Adult SD - First Line
- Topical azoles are the mainstay: ketoconazole 2% shampoo (scalp) or cream (body), response rate 75%-90% in double-blind trials.
- Scalp: fluocinolone acetonide 0.01% solution/gel, twice daily x 3-4 weeks; then ketoconazole 2% shampoo daily or every other day for maintenance.
- Face: hydrocortisone 2.5% cream, twice daily x 1-2 weeks initially; then ketoconazole 2% cream as needed.
- Ciclopirox olamine: both antifungal and anti-inflammatory; equally effective as shampoo or cream in randomized trials.
- Low-potency topical corticosteroids: rapid inflammation suppression; found equally efficacious to topical azoles in Cochrane analysis - useful for initial control.
Adult SD - Second Line
- Zinc pyrithione, selenium sulfide, coal tar shampoos
- Topical calcineurin inhibitors (tacrolimus, pimecrolimus): steroid-sparing option, especially useful on the face to avoid atrophy
- Emollients (important adjunct)
Maintenance
- SD relapses if maintenance therapy is not continued. M. furfur has a slow proliferation rate; relapses typically appear after 2 to several weeks. Maintenance therapy should follow this interval.

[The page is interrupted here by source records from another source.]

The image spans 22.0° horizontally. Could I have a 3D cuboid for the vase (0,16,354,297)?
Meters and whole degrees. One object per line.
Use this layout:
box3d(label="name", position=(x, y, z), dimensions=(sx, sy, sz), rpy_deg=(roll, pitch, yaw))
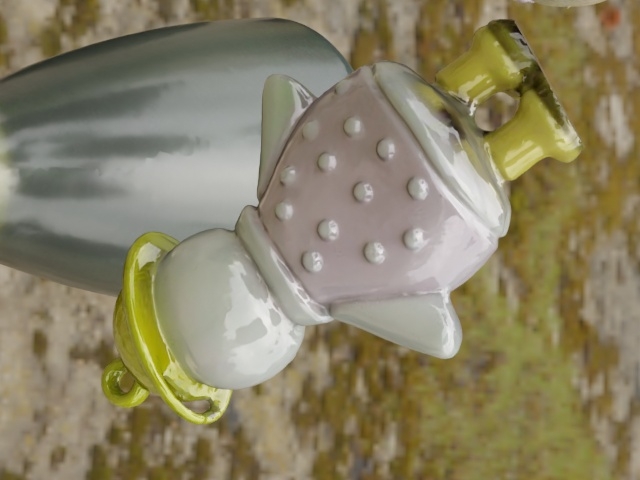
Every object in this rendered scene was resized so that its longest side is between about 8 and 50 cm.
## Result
box3d(label="vase", position=(-0.134, -0.037, 0.875), dimensions=(0.321, 0.173, 0.173), rpy_deg=(-5, 95, -44))

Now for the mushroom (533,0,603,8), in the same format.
box3d(label="mushroom", position=(0.091, -0.127, 0.605), dimensions=(0.067, 0.083, 0.084), rpy_deg=(-16, 106, -42))

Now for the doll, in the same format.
box3d(label="doll", position=(0.000, 0.000, 0.606), dimensions=(0.129, 0.207, 0.081), rpy_deg=(59, 13, 20))

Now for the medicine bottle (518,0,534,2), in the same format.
box3d(label="medicine bottle", position=(0.088, -0.205, 1.046), dimensions=(0.083, 0.203, 0.083), rpy_deg=(-10, 117, -21))
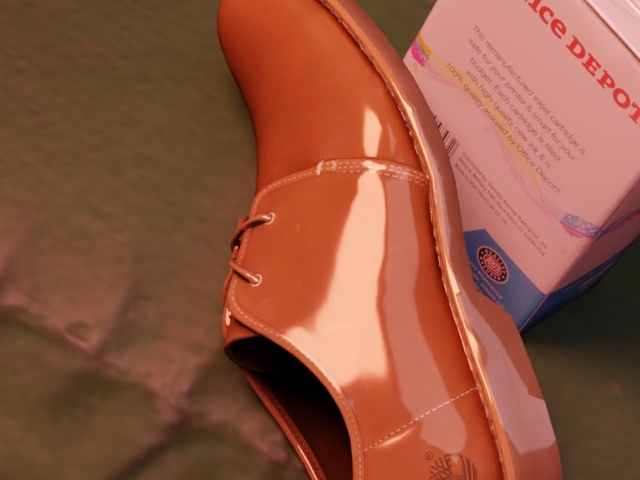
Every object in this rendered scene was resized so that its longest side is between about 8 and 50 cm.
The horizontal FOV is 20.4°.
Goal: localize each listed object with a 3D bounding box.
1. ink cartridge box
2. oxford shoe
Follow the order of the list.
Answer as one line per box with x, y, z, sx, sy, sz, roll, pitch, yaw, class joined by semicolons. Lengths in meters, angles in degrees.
0.074;-0.043;0.561;0.052;0.122;0.088;-27;70;-35;ink cartridge box
0.000;0.000;0.537;0.076;0.076;0.212;-12;61;-17;oxford shoe
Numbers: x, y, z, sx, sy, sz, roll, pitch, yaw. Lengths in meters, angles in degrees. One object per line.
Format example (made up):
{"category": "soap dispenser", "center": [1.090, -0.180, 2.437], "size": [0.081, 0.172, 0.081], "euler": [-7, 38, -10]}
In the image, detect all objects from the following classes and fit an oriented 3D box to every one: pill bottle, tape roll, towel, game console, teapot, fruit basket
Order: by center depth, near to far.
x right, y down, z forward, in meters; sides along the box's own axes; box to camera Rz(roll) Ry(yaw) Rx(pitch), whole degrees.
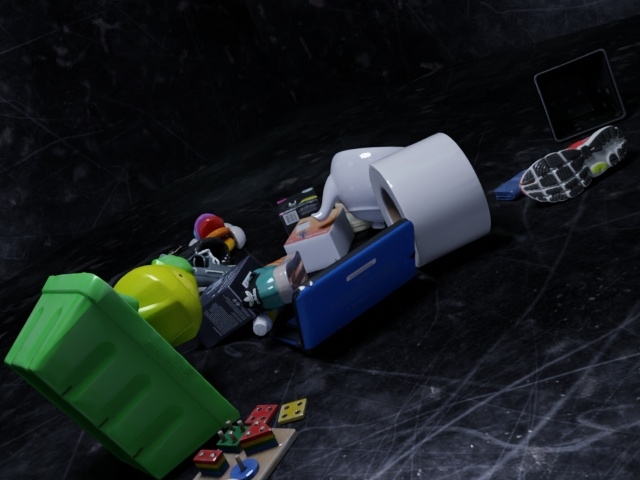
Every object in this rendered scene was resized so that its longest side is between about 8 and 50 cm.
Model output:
{"category": "fruit basket", "center": [-0.307, 0.171, 1.237], "size": [0.392, 0.392, 0.283], "euler": [-37, 19, -34]}
{"category": "game console", "center": [0.034, 0.081, 1.409], "size": [0.293, 0.250, 0.173], "euler": [-33, 47, -24]}
{"category": "tape roll", "center": [0.230, -0.085, 1.492], "size": [0.169, 0.246, 0.246], "euler": [-24, 19, -4]}
{"category": "pill bottle", "center": [-0.122, 0.173, 1.522], "size": [0.043, 0.043, 0.083], "euler": [-18, 20, 17]}
{"category": "towel", "center": [0.474, -0.132, 1.658], "size": [0.119, 0.029, 0.067], "euler": [-32, 20, -25]}
{"category": "teapot", "center": [0.148, -0.122, 1.702], "size": [0.256, 0.187, 0.252], "euler": [-3, -1, 42]}

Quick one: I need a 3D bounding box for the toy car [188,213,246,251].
{"category": "toy car", "center": [-0.332, -0.016, 2.142], "size": [0.159, 0.136, 0.182], "euler": [-31, 20, -18]}

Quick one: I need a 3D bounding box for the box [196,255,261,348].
{"category": "box", "center": [-0.207, 0.138, 1.582], "size": [0.158, 0.093, 0.156], "euler": [-37, 12, 25]}

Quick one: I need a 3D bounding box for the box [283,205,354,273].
{"category": "box", "center": [0.000, 0.000, 1.773], "size": [0.130, 0.091, 0.170], "euler": [-17, 20, 20]}

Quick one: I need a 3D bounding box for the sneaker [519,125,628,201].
{"category": "sneaker", "center": [0.559, -0.159, 1.569], "size": [0.279, 0.107, 0.118], "euler": [-25, 0, -14]}

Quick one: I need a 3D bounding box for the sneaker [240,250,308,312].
{"category": "sneaker", "center": [-0.097, 0.092, 1.521], "size": [0.121, 0.108, 0.302], "euler": [-18, -1, 8]}

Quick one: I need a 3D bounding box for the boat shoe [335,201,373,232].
{"category": "boat shoe", "center": [0.187, -0.114, 1.846], "size": [0.302, 0.098, 0.109], "euler": [-19, 19, 13]}

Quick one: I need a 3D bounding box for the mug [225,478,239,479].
{"category": "mug", "center": [-0.119, 0.373, 0.981], "size": [0.062, 0.078, 0.064], "euler": [-56, 8, 6]}

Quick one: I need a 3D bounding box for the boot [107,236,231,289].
{"category": "boot", "center": [-0.422, 0.107, 1.927], "size": [0.260, 0.131, 0.348], "euler": [-13, 22, 26]}

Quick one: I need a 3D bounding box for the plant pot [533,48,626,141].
{"category": "plant pot", "center": [0.683, -0.387, 1.893], "size": [0.188, 0.187, 0.167], "euler": [-21, 6, 9]}

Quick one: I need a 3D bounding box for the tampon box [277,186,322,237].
{"category": "tampon box", "center": [-0.050, -0.072, 2.009], "size": [0.120, 0.101, 0.161], "euler": [-23, 18, 1]}

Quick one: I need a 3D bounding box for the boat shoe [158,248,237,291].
{"category": "boat shoe", "center": [-0.284, 0.074, 1.738], "size": [0.116, 0.099, 0.319], "euler": [8, 7, 35]}

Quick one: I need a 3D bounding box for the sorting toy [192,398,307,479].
{"category": "sorting toy", "center": [-0.121, 0.327, 1.102], "size": [0.132, 0.046, 0.274], "euler": [-9, 23, 36]}

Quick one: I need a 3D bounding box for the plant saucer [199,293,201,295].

- Weekly or biweekly antifungal shampoo is a practical maintenance approach.
Systemic Therapy
- Reserved for severe or frequently relapsing disease: weekly fluconazole, itraconazole, or ketoconazole (note: ketoconazole has more activity against M. furfur than other azoles in vitro).
- In HIV patients: topical ketoconazole is first-line per WHO guidelines; add topical corticosteroids for severe/unresponsive cases. ART itself may improve SD. Oral antibiotics if bacterial superinfection present. Prolonged treatment courses often required.
(Dermatology 5e, Ch. 13; Goldman-Cecil Medicine; Fitzpatrick's, Ch. 26 + 168)
Special Populations
HIV/AIDS
- Prevalence up to 83%, severity tracks inversely with CD4 count.
- Extensive scalp, axillae, groin, flexural involvement; thick greasy yellow scalp scale; frequent bacterial superinfection; may progress to erythroderma.
- Often refractory to standard therapy; frequent relapse.
- ART itself can improve SD.
Parkinson Disease and Neurologic Conditions
- SD is significantly more prevalent; the dopaminergic pathway and sebum production are proposed mechanisms.
Infants
- Self-limited in most cases; resolves within the first 1-2 years of life.
- Possible association with later development of adult SD or atopic dermatitis.